I want to determine the credible interval of a quantity $\theta_1$. I want to make this estimate using observed data by assuming a certain model which depends on $\theta_1$ as well as about n=15 nuisance parameters $\theta_2, \ldots, \theta_n$.
I have a likelihood function $\mathcal L(x|\boldsymbol\theta)$ where $x$ are my observations which I can calculate for any $\boldsymbol \theta$.
I also have priors $\pi(\boldsymbol \theta)$ which I can similarly calculate for any $\boldsymbol \theta$.
My plan is as follows.
Draw a large number of samples of $\boldsymbol \theta$ from a uniform random distribution. (Monte Carlo step)
Calculate the posterior $p = \mathcal{L}(x|\theta)\cdot\pi(\theta)$ for each sample. (Bayes step)
Calculate the weighted mean and standard deviation of $\theta_1$, where the weights are $p$. (Integration step)
Does this make sense?
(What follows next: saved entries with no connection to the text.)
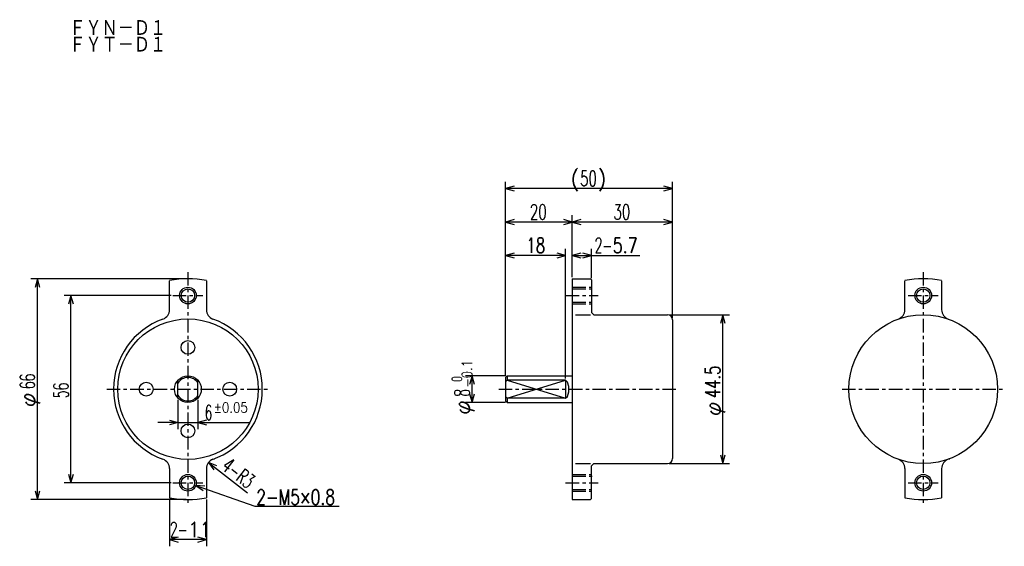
# Model space of a CAD drawing. Extents: x -73 to 221, y -47 to 111.
import ezdxf

# ---------------------------------------------------------------- set-up
doc = ezdxf.new("R2010")
doc.units = 0
doc.linetypes.add('CENTER', pattern=[7, 4, -1, 1, -1])
doc.linetypes.add('HIDDEN', pattern=[5, 4, -1])
doc.layers.get('0').update_dxf_attribs({"linetype": 'CONTINUOUS'})
for name, color, linetype in [('FIG_1', 7, 'CONTINUOUS'), ('FIG_2', 5, 'CONTINUOUS'), ('FIG_3', 5, 'HIDDEN'), ('FIG_4', 5, 'CENTER'), ('KIG_1', 5, 'CONTINUOUS'), ('SMP_1', 5, 'CONTINUOUS')]:
    doc.layers.add(name, color=color, linetype=linetype)
doc.styles.add('KANJI', font='TXT', dxfattribs={"bigfont": 'BIGFONT'})

# ---------------------------------------------------------------- blocks, each defined once
blk = doc.blocks.new('$$$ARW_ARROW')
for p, q in [((0.428571, 0.119048), (0, 0)), ((0, 0), (0.428571, -0.119048))]:
    blk.add_line(p, q)
blk = doc.blocks.new('$$$ARW_SHAFT')
for p, q in [((0, 0), (0.428571, 0.119048)), ((0.428571, -0.119048), (0, 0)), ((0, 0), (1, 0))]:
    blk.add_line(p, q)
blk = doc.blocks.new('$$$KIGO_1')
at = {"layer": 'FIG_2'}
for p, q in [((-22.327978, -5.765175), (-18.799908, -7)), ((-18.799908, -7), (-13.759908, -7))]:
    blk.add_line(p, q, dxfattribs=at)
at = {"layer": 'SMP_1', "xscale": 1.199999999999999, "yscale": 1.199999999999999, "rotation": 340.7099539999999}
blk.add_blockref('$$$ARW_ARROW', (-22.327978, -5.765175), dxfattribs=at)
at = {"layer": 'SMP_1', "style": 'KANJI', "width": 0.753488}
blk.add_text('2-M5×0.8', height=0.9, dxfattribs=at).set_placement((-18.709908, -6.91))

msp = doc.modelspace()

# ---------------------------------------------------------------- linework, layer by layer
at = {"layer": 'FIG_1'}
for p, q in [((-28.299908, 23.7763), (-28.299908, 32.431155)), ((-17.299908, 32.431155), (-17.299908, 23.7763)), ((92.200092, 33), (92.200092, -33)), ((92.200092, 33), (97.624027, 33)), ((97.624027, 33), (97.900092, 32.72393)), ((97.900092, 32.72393), (97.900092, 22.95)), ((191.700092, 23.7763), (191.700092, 32.431155)), ((202.700092, 32.431155), (202.700092, 23.7763)), ((93.200092, 22.25), (97.600092, 22.25)), ((97.900092, 22.95), (98.600092, 22.25)), ((98.600092, 22.25), (120.700092, 22.25)), ((122.200092, 20.75), (122.200092, -20.75)), ((72.700092, 4), (72.200092, 3.5)), ((72.200092, 3.5), (72.200092, -3.5)), ((72.700092, 4), (92.200092, 4)), ((72.700092, 4), (72.700092, 2.648425)), ((-25.799908, -2.64575), (-25.799908, 2.64575)), ((-19.799908, -2.64575), (-19.799908, 2.64575)), ((72.700092, 2.648425), (72.200092, 2.148425)), ((90.200092, 2.648425), (72.700092, 2.648425)), ((90.200092, 2.648425), (90.200092, -2.648425)), ((72.700092, -2.648425), (72.200092, -2.148425)), ((90.200092, -2.648425), (72.700092, -2.648425)), ((72.700092, -2.648425), (72.700092, -4)), ((72.700092, -4), (72.200092, -3.5)), ((72.700092, -4), (92.200092, -4)), ((93.200092, -22.25), (97.600092, -22.25)), ((98.600092, -22.25), (97.900092, -22.95)), ((97.900092, -32.7), (97.900092, -22.95)), ((98.600092, -22.25), (120.700092, -22.25)), ((-28.299908, -23.7763), (-28.299908, -32.53844)), ((-17.299908, -23.7763), (-17.299908, -32.53844)), ((191.700092, -23.7763), (191.700092, -32.53844)), ((202.700092, -23.7763), (202.700092, -32.53844)), ((92.200092, -33), (97.600092, -33)), ((97.900092, -32.7), (97.600092, -33))]:
    msp.add_line(p, q, dxfattribs=at)
msp.add_lwpolyline([(90.200092, -2.648425), (90.787607, -2.142625), (91.150712, -0.81841), (91.150712, 0.81841), (90.787607, 2.142625), (90.200092, 2.648425)], dxfattribs=at)
for centre, radius in [((-22.799908, 28), 2), ((197.200092, 28), 2), ((-22.799908, 0), 21), ((197.200092, 0), 22.25), ((-22.799908, 12.5), 2.05), ((-22.799908, 0), 4), ((-22.799908, 0), 4), ((-35.299908, 0), 2.05), ((-10.299908, 0), 2.05), ((-22.799908, -12.5), 2.05), ((-22.799908, -28), 2), ((197.200092, -28), 2)]:
    msp.add_circle(centre, radius, dxfattribs=at)
for centre, radius, start, end in [((-22.799908, 0), 33, 80.405932, 99.594068), ((197.200092, 0), 33, 80.405932, 99.594068), ((-31.299908, 23.7763), 3, 289.671911, 0), ((-14.299908, 23.7763), 3, 180, 250.328089), ((188.700092, 23.7763), 3, 289.671911, 0), ((205.700092, 23.7763), 3, 180, 250.328089), ((-22.799908, 0), 22.25, 109.671911, 250.328089), ((-22.799908, 0), 22.25, 289.230272, 70.328089), ((120.700092, 20.75), 1.5, 0, 90), ((-22.799908, 0), 3.5, 31.002719, 148.997281), ((-22.799908, 0), 3.5, 211.002719, 328.997281), ((-31.299908, -23.7763), 3, 0, 70.328089), ((-14.299908, -23.7763), 3, 109.671911, 180), ((-22.799908, 0), 22.25, 290.28638, 290.881457), ((120.700092, -20.75), 1.5, 270, 0), ((188.700092, -23.7763), 3, 0, 70.328089), ((205.700092, -23.7763), 3, 109.671911, 180), ((197.200092, 0), 22.25, 290.28638, 290.881457), ((-22.799908, 0), 33, 260.405932, 279.594068), ((197.200092, 0), 33, 260.405932, 279.594068)]:
    msp.add_arc(centre, radius, start, end, dxfattribs=at)
at = {"layer": 'FIG_2'}
for p, q in [((72.200092, 4), (72.200092, 62)), ((122.200092, 21.25), (122.200092, 62)), ((122.200092, 60), (72.200092, 60)), ((72.200092, 4), (72.200092, 52)), ((92.200092, 33.5), (92.200092, 52)), ((92.200092, 33.5), (92.200092, 52)), ((122.200092, 21.25), (122.200092, 52)), ((92.200092, 50), (72.200092, 50)), ((122.200092, 50), (92.200092, 50)), ((72.200092, 4), (72.200092, 42)), ((90.200092, 3.148425), (90.200092, 42)), ((92.200092, 33.5), (92.200092, 42)), ((97.900092, 33.22393), (97.900092, 42)), ((90.200092, 40), (72.200092, 40)), ((92.200092, 40), (112.400092, 40)), ((-23.299908, 33), (-69.799908, 33)), ((-67.799908, -33), (-67.799908, 33)), ((-27.799908, 28), (-59.799908, 28)), ((-57.799908, -28), (-57.799908, 28)), ((121.200092, 22.25), (139.200092, 22.25)), ((137.200092, -22.25), (137.200092, 22.25)), ((72.200092, 4), (60.200092, 4)), ((62.200092, -4), (62.200092, 4)), ((72.700092, 2.648425), (90.200092, -2.648425)), ((72.700092, -2.648425), (90.200092, 2.648425)), ((-25.799908, -3.14575), (-25.799908, -12)), ((-19.799908, -3.14575), (-19.799908, -12)), ((72.200092, -4), (60.200092, -4)), ((-25.799908, -10), (-4.333723, -10)), ((-16.674033, -21.942315), (-4.978778, -30.97677)), ((121.200092, -22.25), (139.200092, -22.25)), ((-27.799908, -28), (-59.799908, -28)), ((-23.299908, -33), (-69.799908, -33)), ((-28.299908, -33.03844), (-28.299908, -47)), ((-17.299908, -33.03844), (-17.299908, -47)), ((-17.299908, -45), (-28.299908, -45))]:
    msp.add_line(p, q, dxfattribs=at)
for centre in [(-22.799908, 28), (197.200092, 28), (-22.799908, -28), (197.200092, -28)]:
    msp.add_circle(centre, 2.5, dxfattribs=at)
at = {"layer": 'FIG_3'}
for p, q in [((92.200092, 30.5), (97.900092, 30.5)), ((92.200092, 30), (97.900092, 30)), ((92.200092, 26), (98.100092, 26)), ((92.200092, 25.5), (97.900092, 25.5)), ((92.200092, -25.5), (97.900092, -25.5)), ((92.200092, -26), (98.100092, -26)), ((92.200092, -30), (97.900092, -30)), ((92.200092, -30.5), (97.900092, -30.5))]:
    msp.add_line(p, q, dxfattribs=at)
at = {"layer": 'FIG_4'}
for p, q in [((-22.799908, 35), (-22.799908, -35)), ((197.200092, 35), (197.200092, -35)), ((-27.299908, 28), (-18.299908, 28)), ((90.200092, 28), (99.900092, 28)), ((192.700092, 28), (201.700092, 28)), ((-47.049908, 0), (1.450092, 0)), ((70.200092, 0), (124.200092, 0)), ((172.950092, 0), (221.450092, 0)), ((-27.299908, -28), (-18.299908, -28)), ((90.200092, -28), (99.900092, -28)), ((192.700092, -28), (201.700092, -28))]:
    msp.add_line(p, q, dxfattribs=at)

# ---------------------------------------------------------------- block references
at = {"layer": 'KIG_1', "xscale": 5, "yscale": 5, "zscale": 5}
msp.add_blockref('$$$KIGO_1', (91.199632, 0), dxfattribs=at)
at = {"layer": 'SMP_1', "xscale": 6, "yscale": 6, "zscale": 5}
for p in [(72.200092, 60), (72.200092, 50), (92.200092, 50), (72.200092, 40), (92.200092, 40), (-19.799908, -10), (-28.299908, -45)]:
    msp.add_blockref('$$$ARW_ARROW', p, dxfattribs=at)
for name, p, rotation in [('$$$ARW_ARROW', (122.200092, 60), 180), ('$$$ARW_ARROW', (92.200092, 50), 180), ('$$$ARW_ARROW', (122.200092, 50), 180), ('$$$ARW_ARROW', (90.200092, 40), 180), ('$$$ARW_ARROW', (97.900092, 40), 180), ('$$$ARW_ARROW', (-67.799908, 33), 270), ('$$$ARW_ARROW', (-57.799908, 28), 270), ('$$$ARW_ARROW', (137.200092, 22.25), 270), ('$$$ARW_ARROW', (62.200092, 4), 270), ('$$$ARW_ARROW', (62.200092, -4), 90), ('$$$ARW_SHAFT', (-25.799908, -10), 180), ('$$$ARW_ARROW', (137.200092, -22.25), 90), ('$$$ARW_ARROW', (-16.674033, -21.942315), 322.3143069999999), ('$$$ARW_ARROW', (-57.799908, -28), 90), ('$$$ARW_ARROW', (-67.799908, -33), 90), ('$$$ARW_ARROW', (-17.299908, -45), 180)]:
    msp.add_blockref(name, p, dxfattribs=dict(at, rotation=rotation))

# ---------------------------------------------------------------- texts
at = {"layer": 'SMP_1', "style": 'KANJI'}
for s, height, width, p in [('ＦＹＮ－Ｄ１', 5, 0.878049, (-58.300368, 105.5)), ('ＦＹＴ－Ｄ１', 5, 0.878049, (-58.300368, 100.5)), ('(', 4.5, 0.9, (91.800092, 60.765)), ('50', 4.5, 0.654545, (94.500092, 60.765)), (')', 4.5, 0.9, (99.900092, 60.765)), ('20', 4.5, 0.654545, (79.500092, 50.765)), ('30', 4.5, 0.654545, (104.500092, 50.765)), ('18', 4.5, 0.72, (78.500092, 40.765)), ('2-', 4.5, 0.6, (98.900092, 40.765)), ('5.7', 4.5, 0.771429, (104.300092, 40.765)), ('6', 4.5, 0.6, (-17.799908, -9.235)), ('±0.05', 3, 0.864, (-15.099908, -6.985)), ('2-', 4.5, 0.6, (-28.199908, -44.235)), ('11', 4.5, 0.9, (-22.799908, -44.235))]:
    msp.add_text(s, height=height, dxfattribs=dict(at, width=width)).set_placement(p)
for s, height, rotation, width, p in [('-0.1', 3, 90, 0.847059, (62.185092, 0.45)), ('66', 4.5, 90, 0.6, (-68.564908, 0)), ('44.5', 4.5, 90, 0.72, (136.435092, -2.7)), ('56', 4.5, 90, 0.6, (-58.564908, -2.7)), (' 0', 3, 90, 0.654545, (59.185092, 0.45)), ('φ', 4.5, 90, 1.028571, (-68.564908, -5.4)), ('8', 4.5, 90, 0.6, (61.435092, -2.25)), ('φ', 4.5, 90, 1.028571, (61.435092, -7.65)), ('φ', 4.5, 90, 1.028571, (136.435092, -8.1)), ('4-', 4.5, 322.314307, 0.6, (-13.057973, -23.76901)), ('R3', 4.5, 322.314307, 0.6, (-8.784543, -27.07019))]:
    msp.add_text(s, height=height, rotation=rotation, dxfattribs=dict(at, width=width)).set_placement(p)

doc.saveas('drawing.dxf')

If not, can someone please point me in the right direction? If so, is there a way to estimate how many samples I will need?
(In practice I think I will actually use quasi-Monte Carlo sampling by making use of Sobol numbers, but I think this detail is not important for the question.)
I know how to solve this problem using MCMC, but my likelihood function is very expensive to calculate and so I prefer a simpler way to make this estimate.